It's been exactly three days since returning to Berlin from Kosova and Albania, and as part of my massive decompression, between batting away writing deadlines, I am watching as many films as I can. Something you would have thought I had done plenty of the last month considering I spent most of that time at a film festival. But, I had other duties this year (which are listed handily on my Facebook page if you're at all interested).
While I did watch some films, of course, I wanted to start this first blog snog to beloved Dokufest with some thoughts on the small, but powerful, film that won this year's Balkan Dox competition, a strand with a staggering fourteen films.

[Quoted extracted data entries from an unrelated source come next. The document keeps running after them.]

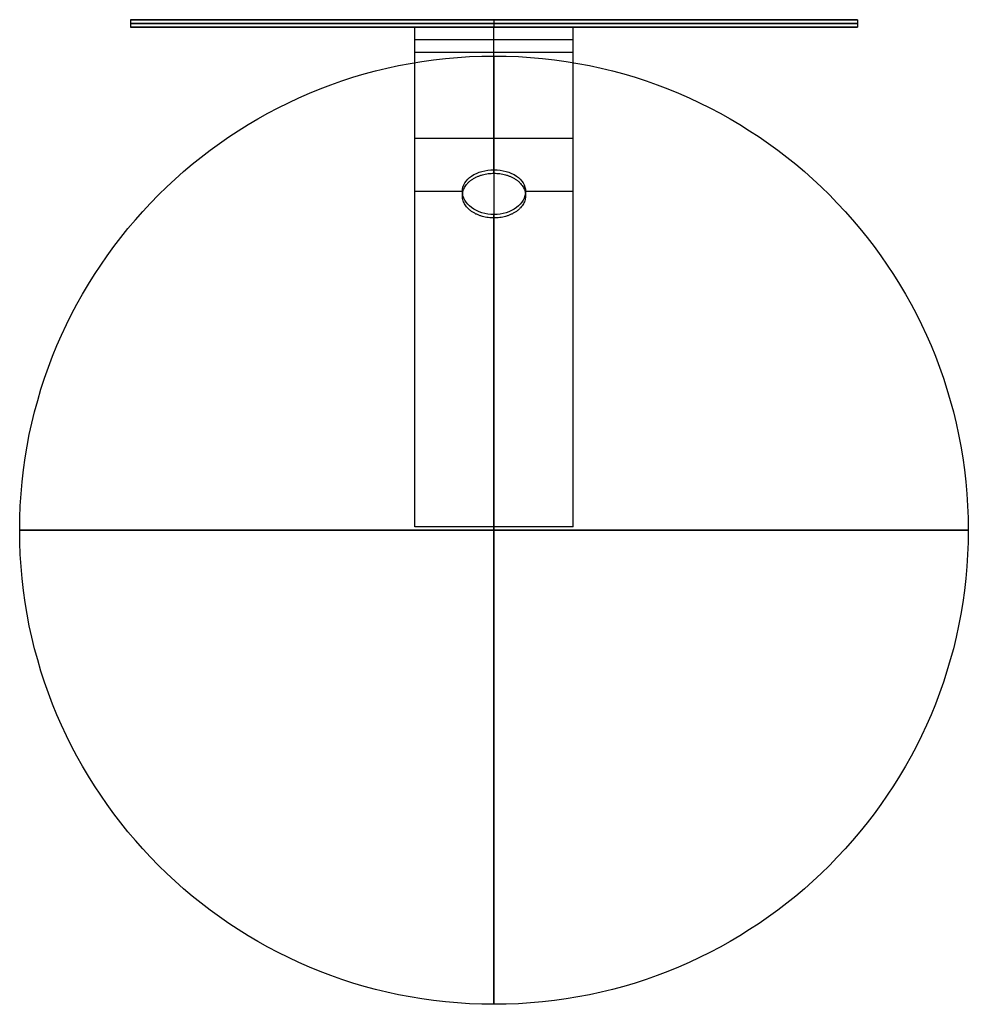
# Model space of a CAD drawing. Header units: millimetres. Extents: x 1195 to 1345, y -1672 to -1516.
import ezdxf

# ---------------------------------------------------------------- set-up
doc = ezdxf.new("R2010")
doc.units = ezdxf.units.MM
doc.header["$MEASUREMENT"] = 0
doc.layers.add('Default', color=178, linetype='Continuous', true_color=0x000000)

msp = doc.modelspace()

# ---------------------------------------------------------------- linework, layer by layer
at = {"layer": 'Default'}
for p, q in [((1212.33, -1516.5, 39.5), (1327.33, -1516.5, 39.5)), ((1269.83, -1516.5, 97), (1269.83, -1516.5, -18)), ((1212.33, -1517.7, 39.5), (1257.33, -1517.7, 39.5)), ((1257.33, -1596.7, 2), (1257.33, -1517.7, 2)), ((1269.83, -1517.7, 97), (1269.83, -1517.7, 79)), ((1269.83, -1517.7), (1269.83, -1517.7, -18)), ((1282.33, -1596.7, 2), (1282.33, -1517.7, 2)), ((1282.33, -1517.7, 39.5), (1327.33, -1517.7, 39.5)), ((1257.33, -1535.26), (1282.33, -1535.26)), ((1257.33, -1557.2, 15.24), (1257.33, -1557.2)), ((1282.33, -1557.2, 15.24), (1282.33, -1557.2))]:
    msp.add_line(p, q, dxfattribs=at)
msp.add_lwpolyline([(1282.33, -1517.7), (1257.33, -1517.7)], dxfattribs=at)
msp.add_circle((1269.83, -1597.24, 79.54), 75, dxfattribs=at)
at = {"layer": 'Default', "extrusion": (1, 0, 0)}
for start, end in [(318.8226, 90), (270, 311.1774), (90, 270)]:
    msp.add_arc((-1597.24, 79.54, 1269.83), 75, start, end, dxfattribs=at)
at = {"layer": 'Default', "extrusion": (0, 1, 0)}
for start, end in [(270, 90), (90, 270)]:
    msp.add_arc((-1269.83, 79.54, -1597.24), 75, start, end, dxfattribs=at)
msp.add_rational_spline([(1269.83, -1516.5, -18), (1327.33, -1516.5, -18), (1327.33, -1516.5, 39.5), (1327.33, -1516.5, 97), (1269.83, -1516.5, 97), (1212.33, -1516.5, 97), (1212.33, -1516.5, 39.5), (1212.33, -1516.5, -18), (1269.83, -1516.5, -18)], [1, 0.707106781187, 1, 0.707106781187, 1, 0.707106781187, 1, 0.707106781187, 1], degree=2, knots=[0, 0, 0, 90.320789, 90.320789, 180.641578, 180.641578, 270.962366, 270.962366, 361.283155, 361.283155, 361.283155], dxfattribs=at)
at = {"layer": 'Default'}
for points in [[(1212.33, -1516.5, 39.5), (1212.33, -1517.1, 39.5), (1212.33, -1517.7, 39.5)], [(1269.83, -1516.5, -18), (1269.83, -1517.1, -18), (1269.83, -1517.7, -18)], [(1269.83, -1516.5, 97), (1269.83, -1517.1, 97), (1269.83, -1517.7, 97)], [(1327.33, -1516.5, 39.5), (1327.33, -1517.1, 39.5), (1327.33, -1517.7, 39.5)], [(1282.33, -1517.7, 79), (1269.83, -1517.7, 79), (1257.33, -1517.7, 79)], [(1257.33, -1521.7, 79), (1257.33, -1519.7, 79), (1257.33, -1517.7, 79)], [(1257.33, -1517.7, 79), (1257.33, -1517.7, 39.5), (1257.33, -1517.7)], [(1257.33, -1517.7), (1269.83, -1517.7), (1282.33, -1517.7)], [(1257.33, -1596.7), (1257.33, -1557.2), (1257.33, -1517.7)], [(1269.83, -1521.7, 79), (1269.83, -1519.7, 79), (1269.83, -1517.7, 79)], [(1282.33, -1521.7, 79), (1282.33, -1519.7, 79), (1282.33, -1517.7, 79)], [(1282.33, -1517.7, 79), (1282.33, -1517.7, 39.5), (1282.33, -1517.7)], [(1282.33, -1596.7), (1282.33, -1557.2), (1282.33, -1517.7)], [(1282.33, -1519.7, 79), (1269.83, -1519.7, 79), (1257.33, -1519.7, 79)], [(1282.33, -1521.7, 79), (1269.83, -1521.7, 79), (1257.33, -1521.7, 79)], [(1269.83, -1540.25, 29.62), (1269.83, -1540.52, 29.89), (1269.83, -1540.79, 30.16)], [(1264.83, -1543.66, 25.97), (1261.08, -1543.66, 25.97), (1257.33, -1543.66, 25.97)], [(1264.83, -1543.66, 25.97), (1264.83, -1543.99, 26.3), (1264.83, -1544.32, 26.63)], [(1282.33, -1543.66, 25.97), (1278.58, -1543.66, 25.97), (1274.83, -1543.66, 25.97)], [(1274.83, -1543.66, 25.97), (1274.83, -1543.99, 26.3), (1274.83, -1544.32, 26.63)], [(1269.83, -1547.32, 22.55), (1269.83, -1547.59, 22.82), (1269.83, -1547.86, 23.09)], [(1282.33, -1596.7), (1269.83, -1596.7), (1257.33, -1596.7)], [(1282.33, -1596.7, 4), (1269.83, -1596.7, 4), (1257.33, -1596.7, 4)], [(1282.33, -1596.7, 2), (1269.83, -1596.7, 2), (1257.33, -1596.7, 2)]]:
    msp.add_open_spline(points, degree=2, dxfattribs=at)
at = {"layer": 'Default', "extrusion": (-4.88646e-31, 1, -1.97716e-15)}
for points in [[(1269.83, -1517.1, -18), (1327.33, -1517.1, -18), (1327.33, -1517.1, 39.5), (1327.33, -1517.1, 97), (1269.83, -1517.1, 97), (1212.33, -1517.1, 97), (1212.33, -1517.1, 39.5), (1212.33, -1517.1, -18), (1269.83, -1517.1, -18)], [(1269.83, -1517.7, -18), (1327.33, -1517.7, -18), (1327.33, -1517.7, 39.5), (1327.33, -1517.7, 97), (1269.83, -1517.7, 97), (1212.33, -1517.7, 97), (1212.33, -1517.7, 39.5), (1212.33, -1517.7, -18), (1269.83, -1517.7, -18)]]:
    msp.add_rational_spline(points, [1, 0.707106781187, 1, 0.707106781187, 1, 0.707106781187, 1, 0.707106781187, 1], degree=2, knots=[0, 0, 0, 90.320789, 90.320789, 180.641578, 180.641578, 270.962366, 270.962366, 361.283155, 361.283155, 361.283155], dxfattribs=at)
at = {"layer": 'Default', "extrusion": (1, 0, 0)}
for points in [[(1257.33, -1596.7, 4), (1257.33, -1521.7, 4), (1257.33, -1521.7, 79)], [(1282.33, -1596.7, 4), (1282.33, -1521.7, 4), (1282.33, -1521.7, 79)]]:
    msp.add_rational_spline(points, [1, 0.707106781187, 1], degree=2, dxfattribs=at)
at = {"layer": 'Default', "extrusion": (-1, 3.07098e-14, -1.61408e-14)}
msp.add_rational_spline([(1269.83, -1540.25, 29.62), (1269.83, -1521.7, 50.83), (1269.83, -1521.7, 79)], [0.854503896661, 0.865351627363, 1], degree=2, dxfattribs=at)
at = {"layer": 'Default'}
for points, degree, knots in [([(1269.83, -1547.32, 22.55), (1271.16, -1547.32, 22.55), (1272.43, -1546.92, 22.89), (1274.31, -1545.53, 24.16), (1274.83, -1544.6, 25.03), (1274.83, -1543.66, 25.97), (1274.83, -1542.72, 26.91), (1274.31, -1541.85, 27.83), (1272.43, -1540.59, 29.22), (1271.16, -1540.25, 29.62), (1269.83, -1540.25, 29.62), (1268.51, -1540.25, 29.62), (1267.24, -1540.59, 29.22), (1265.36, -1541.85, 27.83), (1264.83, -1542.72, 26.91), (1264.83, -1543.66, 25.97), (1264.83, -1544.6, 25.03), (1265.36, -1545.53, 24.16), (1267.24, -1546.92, 22.89), (1268.51, -1547.32, 22.55), (1269.83, -1547.32, 22.55)], 3, [0, 0, 0, 0, 4.030028, 4.030028, 8.06006, 8.06006, 8.06006, 12.090092, 12.090092, 16.120119, 16.120119, 16.120119, 20.150147, 20.150147, 24.180179, 24.180179, 24.180179, 28.210211, 28.210211, 32.240239, 32.240239, 32.240239, 32.240239]), ([(1257.33, -1596.7), (1257.33, -1596.7, 1), (1257.33, -1596.7, 2), (1257.33, -1596.7, 3), (1257.33, -1596.7, 4)], 2, [121.809725, 121.809725, 121.809725, 123.809725, 123.809725, 125.809725, 125.809725, 125.809725]), ([(1269.83, -1596.7), (1269.83, -1596.7, 1), (1269.83, -1596.7, 2), (1269.83, -1596.7, 3), (1269.83, -1596.7, 4)], 2, [121.809725, 121.809725, 121.809725, 123.809725, 123.809725, 125.809725, 125.809725, 125.809725]), ([(1282.33, -1596.7), (1282.33, -1596.7, 1), (1282.33, -1596.7, 2), (1282.33, -1596.7, 3), (1282.33, -1596.7, 4)], 2, [121.809725, 121.809725, 121.809725, 123.809725, 123.809725, 125.809725, 125.809725, 125.809725])]:
    msp.add_open_spline(points, degree=degree, knots=knots, dxfattribs=at)
at = {"layer": 'Default', "extrusion": (0, -0.707107, 0.707107)}
msp.add_rational_spline([(1269.83, -1547.86, 23.09), (1274.83, -1547.86, 23.09), (1274.83, -1544.32, 26.63), (1274.83, -1540.79, 30.16), (1269.83, -1540.79, 30.16), (1264.83, -1540.79, 30.16), (1264.83, -1544.32, 26.63), (1264.83, -1547.86, 23.09), (1269.83, -1547.86, 23.09)], [1, 0.707106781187, 1, 0.707106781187, 1, 0.707106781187, 1, 0.707106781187, 1], degree=2, knots=[0, 0, 0, 7.853982, 7.853982, 15.707963, 15.707963, 23.561945, 23.561945, 31.415927, 31.415927, 31.415927], dxfattribs=at)
at = {"layer": 'Default', "extrusion": (-1, 8.07039e-15, -9.22606e-15)}
msp.add_rational_spline([(1269.83, -1596.7, 4), (1269.83, -1568.52, 4), (1269.83, -1547.32, 22.55)], [1, 0.865351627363, 0.854503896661], degree=2, dxfattribs=at)

doc.saveas('drawing.dxf')

The intrepid Balkan Dox jury--Alexander Nanau (whose film made in Romania, The World According to Ion B., won last year's Dokufest Balkan prize); American filmmaker, Donal Mosher (October Country), and Sara Garcia, founder and co-director of Play-Doc in northern Spain--gave Serbian, Srdjan Keca, the prize. (As well, the jury awarded Cinema Komunisto's director, Mila Turajlic, for Best Newcomer.) The evening the jury finished deliberations, Nanau told me that Keca's film is one that "really stays with you," and after watching it, I would have to say I agree. The film is a highly personal and resonant film about trying to unslip the knots of a past that you lived through as a child. Childhood, as we all know, is a time where you miss so much of what's happening around you, while simultaneously, sense memories are embedding themselves deeply enough to last a lifetime.
While this is not the 29-year-old's first film, for such a young filmmaker, he has a keen and sophisticated cinematic eye, a voice, both visual and aural, for solid storytelling. I am a fan of the long, beautifully composed static frame in documentary; it provides a breathing space, a nonverbal contexualization in which a good director / cinematographer will indulge his audience, providing a resting spot for the eye and mind as the story unfolds. These still lifes tell us much in their silence and poise, as much as the home movies show us that this family was one like any other--a parade of photos and moving images on fragile Super 8, filled with young love, marriage, children, birthday parties and living room shenanigans.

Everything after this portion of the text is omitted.